A fundamental goal of microbial ecology is to understand how microbial diversity is distributed over space and time. At broad scales, abiotic factors drive microbial community composition, and salinity plays a particularly important role. Do all microbes respond in the same way? Here I investigate the diversity of two domains encompassed within the blanket term ‘microbes’ the bacteria and protists (unicellular eukaryotes). I examined their diversity and composition across a river to ocean transect and compare the shifts in diversity that occur in these two domains. I collected 122 samples from the Fraser River, its plume and the adjacent coastal water at three time points covering the spring freshet. I used a combined approach of high-throughput sequencing and inverted microscopy to investigate the changes in diversity and community composition.

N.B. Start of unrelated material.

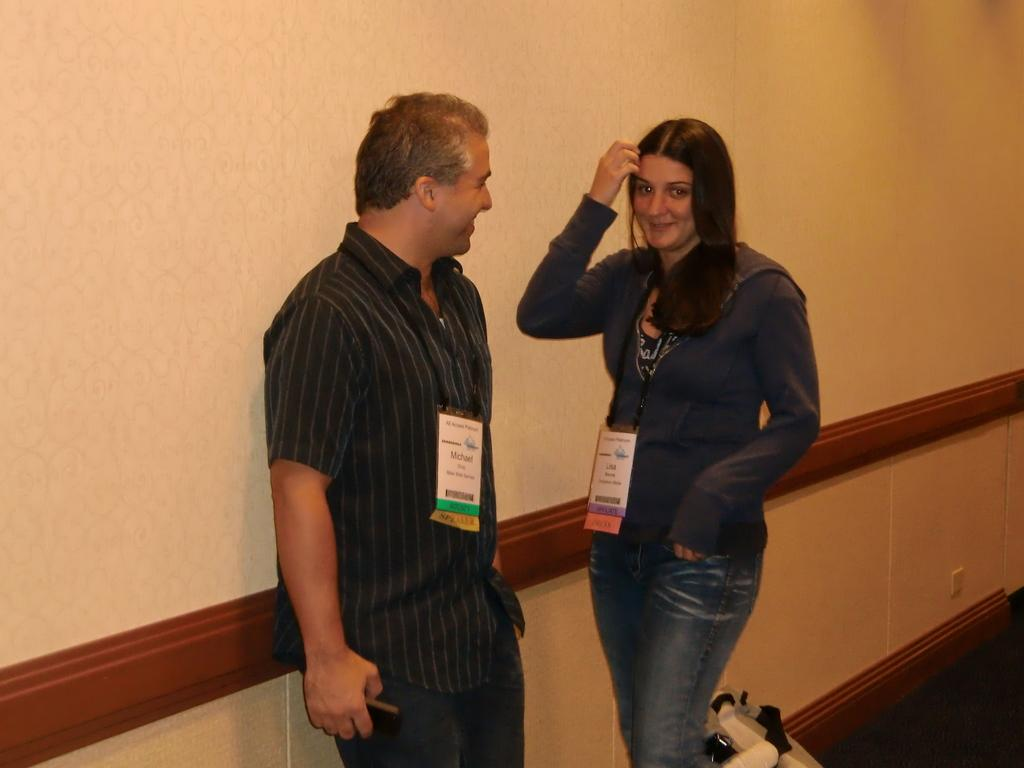How many people are in the foreground of the image? There are two people in the foreground of the image. What is the person on the left side of the image doing? The person on the left side of the image is holding a phone. What can be seen in the background of the image? There is a wall visible in the background of the image. Can you see any patches on the person's clothes in the image? There is no information about patches on the person's clothes in the image.

As expected, there was a strong turnover in the community composition of bacteria and protists across the salinity gradient. I found that diversity of both the bacteria and protists was highest in the freshwater and brackish water with low salinity, and decrease with increasing salinity, and observed a high degree of separation between marine and freshwater community composition. However, the shift from communities with predominately fresh to marine water taxa occurs at the higher taxonomic level for bacteria (phylum/class) and lower taxonomic level (family/genus) for protists. Moreover, the inflection point for taxonomic distribution tends to occur around at 20 salinity for bacteria and 10 salinity for protists. Overall, bacteria are distributed more broadly across the salinity gradient than protists and more likely to be present across time points. In contrast, protists tend to be found in a narrower salinity range and are more often restricted to either marine or freshwater, and found at a single time point.